Plasma VL during untreated, chronic HIV-1 infection reflects an equilibrium between viral replication and immunologically mediated viral clearance. Population-based studies have clearly established the predictive value of VL for heterosexual HIV-1 transmission [31], [46] as well as time to AIDS, especially in Caucasian males [18], [47], [48]. Although our initial work indicated that variants from all three HLA class I genes were associated with VL in chronically infected Zambians [28], similar work based on a South African cohort has shown that HLA-B allele played the most dominant role [35]. In the same South African cohort, several favorable HLA alleles (B*42, B*57, B*5801, and B*8101) were further predictive of CD4+ T-cell slope over a 2-year follow-up period [42]. Our analyses here did not support the favorable association of B*42, although A*29 as a marginally favorable allele in Zambians (seroconverters only) showed weak LD with B*42. Two other HLA-A alleles (A*36 as unfavorable and A*74 as favorable) had even stronger associations, none of which could be explained by effects of their accompanying HLA-B and HLA-C alleles. Both alleles have been confirmed in recent analyses of African-Americans (unpublished results, available from RAK and JT). Thus, although the influences of multiple HLA-B variants on HIV-1 pathogenesis and evolution have been more readily detected and confirmed, several HLA-A alleles can exert comparable effects.
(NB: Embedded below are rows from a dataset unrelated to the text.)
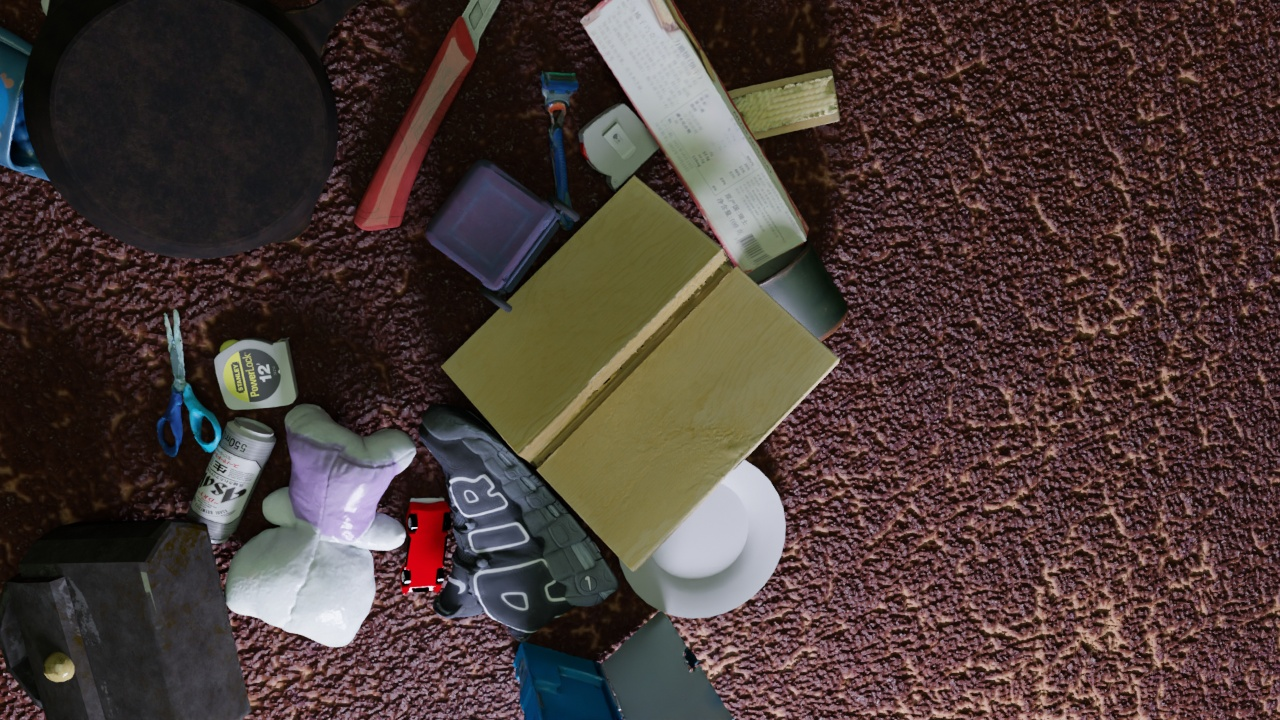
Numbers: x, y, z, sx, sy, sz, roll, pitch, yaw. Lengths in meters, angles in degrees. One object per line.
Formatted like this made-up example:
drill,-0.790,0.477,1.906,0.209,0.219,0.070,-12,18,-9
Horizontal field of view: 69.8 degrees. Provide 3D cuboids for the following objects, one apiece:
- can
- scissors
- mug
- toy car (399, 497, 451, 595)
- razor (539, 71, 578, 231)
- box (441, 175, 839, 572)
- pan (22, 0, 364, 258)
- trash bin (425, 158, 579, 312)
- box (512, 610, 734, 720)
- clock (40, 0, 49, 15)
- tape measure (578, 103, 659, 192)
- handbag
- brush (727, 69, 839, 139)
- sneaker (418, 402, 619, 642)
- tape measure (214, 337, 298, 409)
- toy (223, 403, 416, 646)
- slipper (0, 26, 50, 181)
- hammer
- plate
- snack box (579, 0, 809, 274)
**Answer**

HLA-B and HLA-C genes are located in a genomic segment (the beta block) rarely disrupted by recombination hot spots [49], [50], [51], [52], [53]. As a result, the associations of two HLA-C alleles (Cw*16 as unfavorable and Cw*18 as favorable) with VL in Zambians could be partially or completely explained by their strong LD with HLA-B alleles: B*45 for Cw*16 and B*57 plus B*8101 for Cw*18. However, as we noted earlier [30], experimental evidence does suggest that Cw*1801 is able to present viral epitopes for cytotoxic T-lymphocyte (CTL) responses, which might account for its relatively durable impact on VL. Identification of one favorable A-C combination (A*30+Cw*03) further supported the role of HLA-C alleles in HIV-1 infection, because none of these alleles individually had a clear association with VL. Assuming that alleles at HLA-C and HLA-A can act in concert to confer genetic advantage during HIV-1 infection (or disadvantage in other settings), differences in peptide-binding and in HLA-C allelic expression can offer two plausible explanations [20], [54]. Of note, environmental factors can further complicate the genotype-phenotype relationships by influencing gene expression in leukocytes [55].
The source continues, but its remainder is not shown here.